In reading through comments regarding Exchange 2007’s lack of 32-bit support and confusion around why Microsoft decided to provide a 32-bit “test” version of Exchange 2007, I thought I’d offer some facts about this version and some possible reasons that Microsoft went 64-bit-only with Exchange 2007.
First, as advertised, the 32-bit version is for testing only. Many people like to test server software in a virtual environment before making the production plunge. Take note that Virtual Server 2005 R2 does not support 64-bit guests virtual machines. Even VMware ESX 3.0 only had experimental support for 64-bit guest operating systems. ESX 3.0.1 now includes full support for 64-bit guests, but this is a recent release. Sure, desktop virtualization packages have supported 64-bit guest OSs for a while now, but the enterprise-variety virtualization offerings are just catching up to this.
In short, had Microsoft opted to skip a 32-bit testing version, they would have locked out anyone who wanted to test the product on older servers — those that do not support 64-bit. I don’t think that releasing a 32-bit unsupported test version was irresponsible and it shouldn’t be confusing. It’s for testing, runs on just about any hardware you have laying around and is easily available.

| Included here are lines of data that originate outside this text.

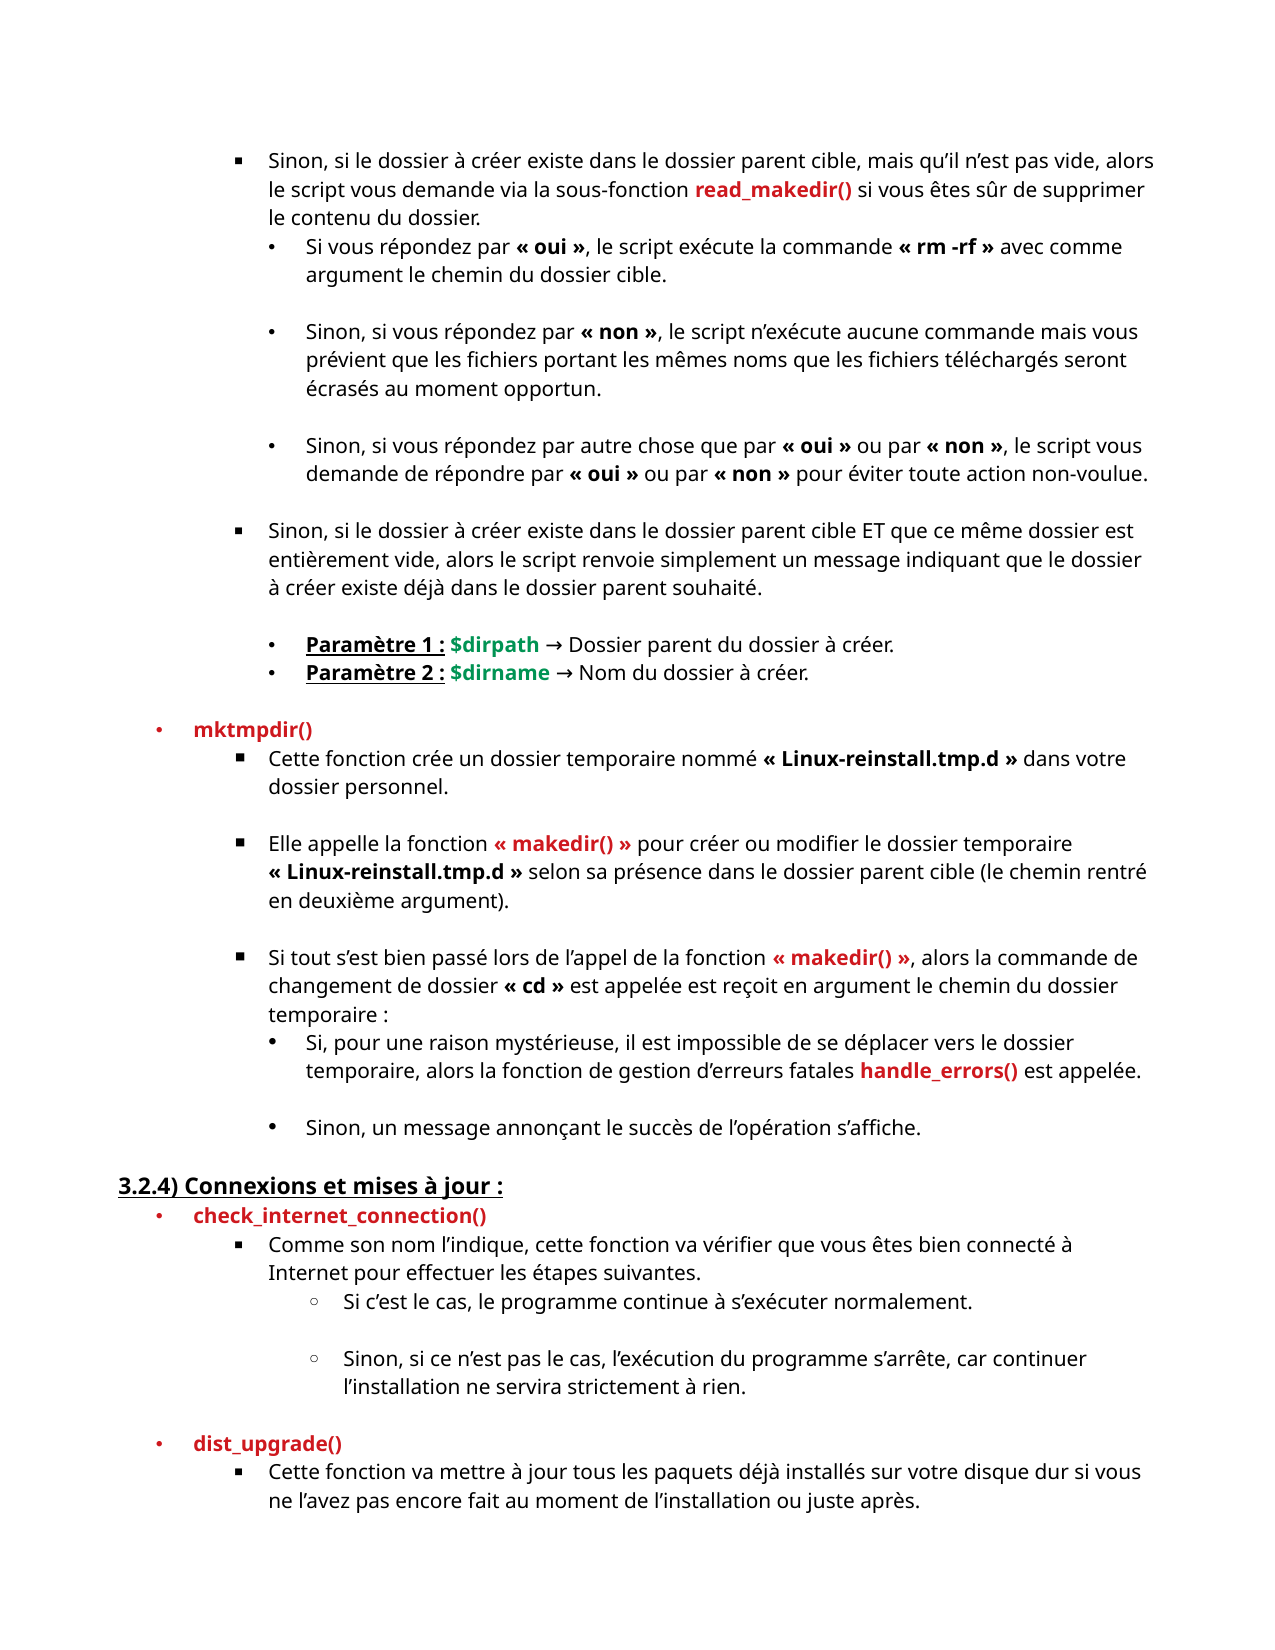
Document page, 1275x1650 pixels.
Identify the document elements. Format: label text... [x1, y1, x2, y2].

list Sinon, si le dossier à créer existe dans le dossier parent cible ET que ce même dossier est entièrement vide, alors le script renvoie simplement un message indiquant que le dossier à créer existe déjà dans le dossier parent souhaité. [231, 516, 1157, 602]
list mktmpdir() [156, 715, 1157, 744]
list Si c’est le cas, le programme continue à s’exécuter normalement. [306, 1287, 1157, 1315]
list Sinon, si vous répondez par « non », le script n’exécute aucune commande mais vous prévient que les fichiers portant les mêmes noms que les fichiers téléchargés seront écrasés au moment opportun. [268, 317, 1157, 402]
list Sinon, si vous répondez par autre chose que par « oui » ou par « non », le script vous demande de répondre par « oui » ou par « non » pour éviter toute action non-voulue. [268, 431, 1157, 488]
list Si tout s’est bien passé lors de l’appel de la fonction « makedir() », alors la commande de changement de dossier « cd » est appelée est reçoit en argument le chemin du dossier temporaire : [231, 943, 1157, 1028]
list Si vous répondez par « oui », le script exécute la commande « rm -rf » avec comme argument le chemin du dossier cible. [268, 232, 1157, 289]
list dist_upgrade() [156, 1429, 1157, 1457]
list Sinon, si ce n’est pas le cas, l’exécution du programme s’arrête, car continuer l’installation ne servira strictement à rien. [306, 1344, 1157, 1401]
list Elle appelle la fonction « makedir() » pour créer ou modifier le dossier temporaire « Linux-reinstall.tmp.d » selon sa présence dans le dossier parent cible (le chemin rentré en deuxième argument). [231, 829, 1157, 914]
list Sinon, si le dossier à créer existe dans le dossier parent cible, mais qu’il n’est pas vide, alors le script vous demande via la sous-fonction read_makedir() si vous êtes sûr de supprimer le contenu du dossier. [231, 147, 1157, 232]
list Cette fonction crée un dossier temporaire nommé « Linux-reinstall.tmp.d » dans votre dossier personnel. [231, 744, 1157, 801]
list Paramètre 1 : $dirpath → Dossier parent du dossier à créer. [268, 630, 1157, 658]
list check_internet_connection() [156, 1202, 1157, 1230]
list Sinon, un message annonçant le succès de l’opération s’affiche. [268, 1113, 1157, 1142]
text 3.2.4) Connexions et mises à jour : [118, 1170, 1157, 1202]
list Paramètre 2 : $dirname → Nom du dossier à créer. [268, 658, 1157, 687]
list Cette fonction va mettre à jour tous les paquets déjà installés sur votre disque dur si vous ne l’avez pas encore fait au moment de l’installation ou juste après. [231, 1457, 1157, 1514]
list Si, pour une raison mystérieuse, il est impossible de se déplacer vers le dossier temporaire, alors la fonction de gestion d’erreurs fatales handle_errors() est appelée. [268, 1028, 1157, 1085]
list Comme son nom l’indique, cette fonction va vérifier que vous êtes bien connecté à Internet pour effectuer les étapes suivantes. [231, 1230, 1157, 1287]

I think that Microsoft’s decision to support only 64-bit hardware and software for Exchange 2007 is also defensible. How many of you do in-place upgrades of your critical infrastructure? I consider Exchange critical infrastructure. When I perform an upgrade to Exchange, it’s generally time to buy new hardware anyway. I’ve never done an in-place Exchange upgrade, and probably never would. Of course, things are very likely different in other places and in-place upgrades may make sense. For you, this option simply isn’t on the table with Exchange 2007.
Exchange as a memory hog
Second, Exchange is a memory-hungry application. It wants and needs a lot of RAM to operate. With new features in Exchange 2007, more RAM will be necessary. Without special extensions, a 32-bit platform tops out at a total of 4GB of RAM. With a 32-bit platform and through the use of the /3GB switch, you could allocate 3GB for user mode addressable memory for caching. This was the limiting factor for expandability in many Exchange organizations. With a complete 64-bit platform, Exchange 2007 can use all available system RAM for whatever it wants. This results in improved I/O performance, which means that more users and be housed on fewer servers.
64-bit is here to stay
Finally, 64-bit is here and is not going away. Just about any new server you purchase will support 64-bit applications and there isn’t an increased licensing fee for a 64-bit version of an OS. While there may be driver issues with 64-bit computing, I think these issues are largely related to Vista. Enterprise-grade hardware drivers are working great on 64-bit.
Would it have made sense for Microsoft to provide both 64-bit and 32-bit versions of Exchange for production? One of the primary Exchange 2007 design goals was to reduce overall I/O while supporting larger mailboxes with more features, such as Unified Messaging while at the same time reducing the overall TCO for Exchange. You could add disks until you’re blue in the face, but you won’t get the same performance you get by adding more RAM to the Exchange server to be used for caching. Given this goal, I don’t think it would have made sense for Microsoft to support 32-bit Exchange 2007.